Siam Cup
- Sport: Rugby union
- Instituted: 1920
- Number of teams: 2
- Country: Jersey and Guernsey
- Holders: Guernsey

= Siam Cup =

Annual rugby competition

The Siam Cup is an annual rugby union competition held between the Channel Islands clubs of Jersey and Guernsey. It was first contested in 1920. The trophy is the second oldest rugby trophy in the world to be contested after the Calcutta Cup.

==Trophy==
The trophy is a large circular rose-bowl made from coinage of Siam ticals and required the permission of King Rama VI to melt the coins down. The King not only permitted it, he had the trophy created within the Royal Crown Silversmith.

It is beautifully decorated in traditional Siamese style, with figures of dancing girls and elephant heads. It stands on an ebony base and is engraved with the cup winner's names, dating as far back as 1920.

The Cup was brought to the Channel Islands by Lieut-Colonel C H Forty, an officer based in Siam with the Durham Light Infantry. A fellow officer in his regiment was the son of the King of Siam. He was befriended by Forty and his fellow officers, and on eventually becoming King he presented the cup to Forty and his fellow officers as a token of their friendship.

Forty donated the cup to the islands to be played for annually between Victoria College in Jersey and Elizabeth College in Guernsey (These are the CI equivalents to UK Public Schools). When rugby was no longer played by the two colleges it was decided that the cup should be contested between the two island rugby clubs each season, thus began the annual 'battle' for the Siam Cup.
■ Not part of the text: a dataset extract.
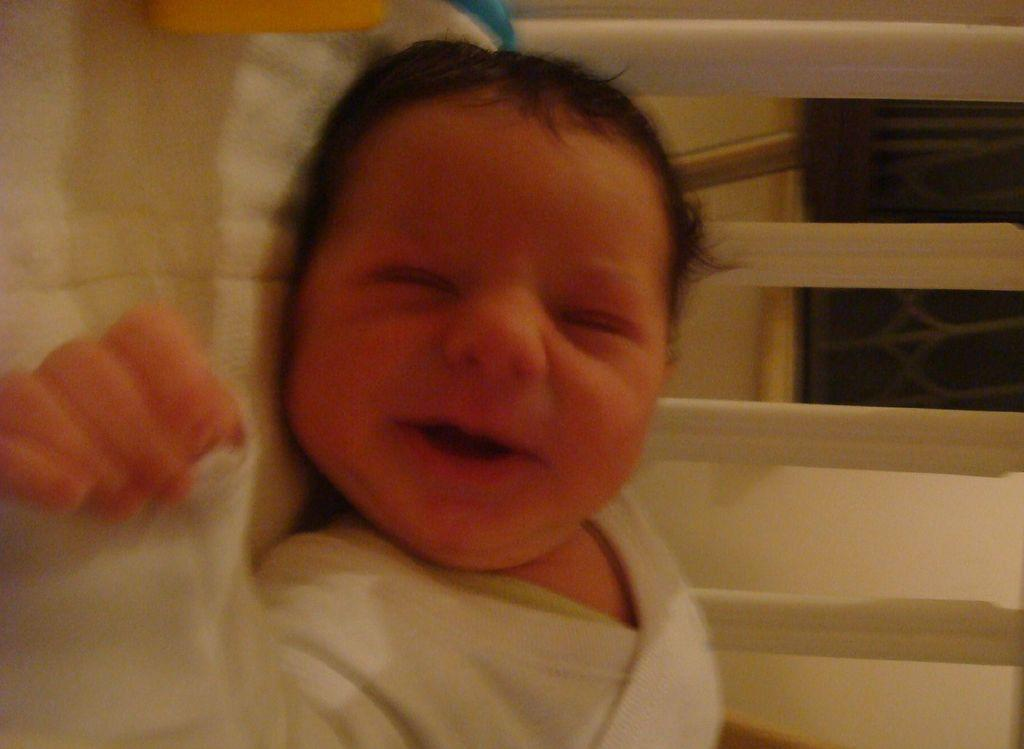What is the main subject of the image? There is a baby lying on a bed in the image. What can be seen in the background of the image? There is a wooden fence and a window visible in the background of the image. How many toes can be seen on the baby's foot in the image? There is no visible foot or toes of the baby in the image. What type of rake is being used by the baby in the image? There is no rake present in the image; the baby is lying on a bed.

During the German occupation of the Channel Islands by Nazi Germany in the Second World War, the Germans wanted it to be sent to their homeland to be melted down and used as funds to support the Third Reich. Strangely enough the cup 'disappeared' and was not rediscovered until after the end of the occupation. To this day, there is no record of the whereabouts of the cup during this period.

By the 1970s the trophy started to deteriorate from age and a replica was commissioned. The original was handed to the Rugby Football Union in 1977 where it is placed on display at the World Rugby Museum at Twickenham Stadium in London, England.

==Competition==
The competition has been contested annually since 1920, each island hosting it every other year. The only breaks in competition were due to the Second World War.
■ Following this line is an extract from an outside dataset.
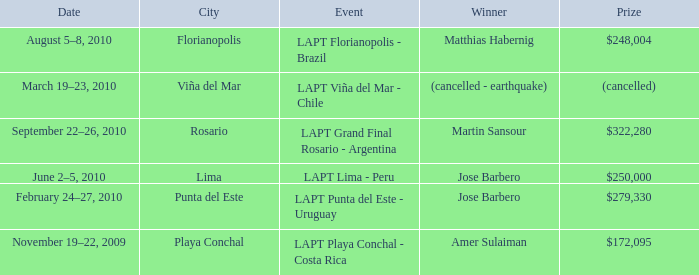What is the date amer sulaiman won? November 19–22, 2009.

Previously there had been no restrictions as to who could play in the Siam Cup. Following Jersey's rise through the English leagues to Level 2 and turning professional it was argued that it made the competition unfair. In 2016, it was declared that Jersey could only select players for the Siam Cup if they had been on the island for three years, Guernsey, playing in a league at Level 5, would be unaffected by the change. Equivalent competitions are held at academy (Fallaize Cup), women's and veterans (Nash Cup) level on the same day.

The centenary edition of the cup, due for 2020, was eventually played in November 2021 due to the COVID-19 pandemic and was narrowly won by Jersey 14–13. It was still referred to as the 2020 competition as both clubs played the 2021 staging of the event in May 2022 a week before the 2022 date.
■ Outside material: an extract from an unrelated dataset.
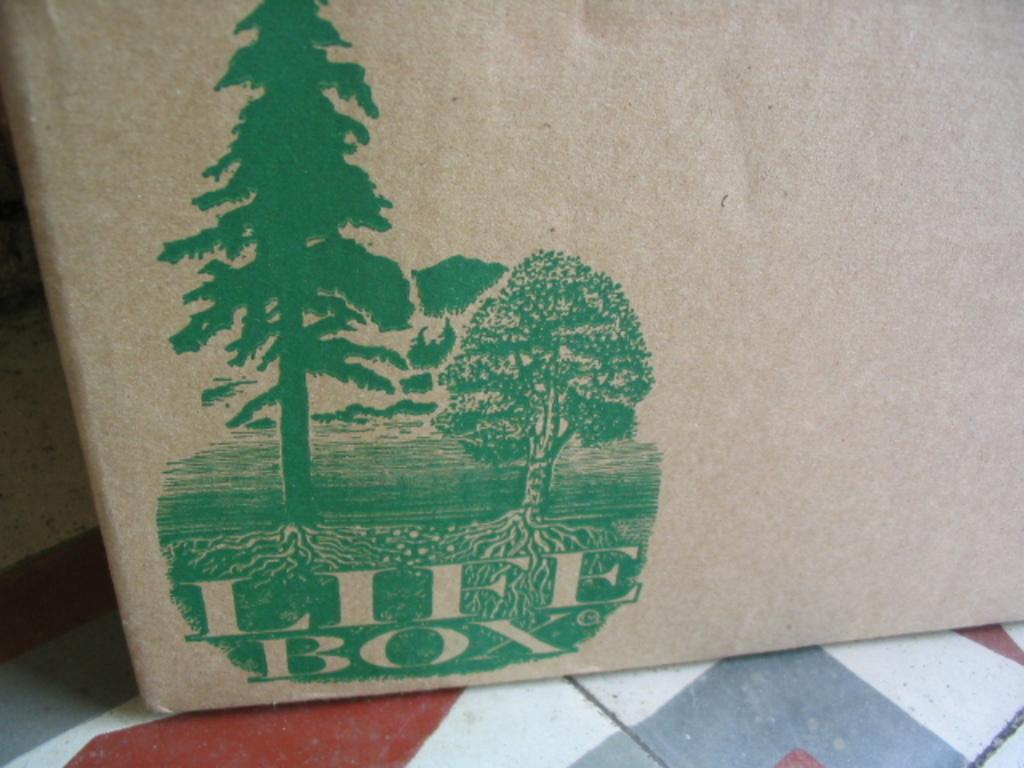What's the name of this box?
Make the answer very short. Life box. What letter appears after the brand name life box?
Provide a short and direct response. C.

In recent years the trophy has frequently switch hands. The 2021 edition finished 62–26 to Guernsey who won away for the first time since 2007, a week later they retained the title on home soil. Jersey fought back in 2023 securing a 4–0 result on Siam Cup day, an achievement only completed once before in 2018 by Guernsey. The 2024 edition saw Guernsey secure the title for the third time in 4 matches, also securing a dramatic victory in the women's competition with a last minute penalty to win the game 17–15. The latest edition in 2025 saw Jersey record another 4-0 cup day at home.

As of the 2025 competition, Jersey had won 64 times, with Guernsey winning 19. There has only ever been one draw.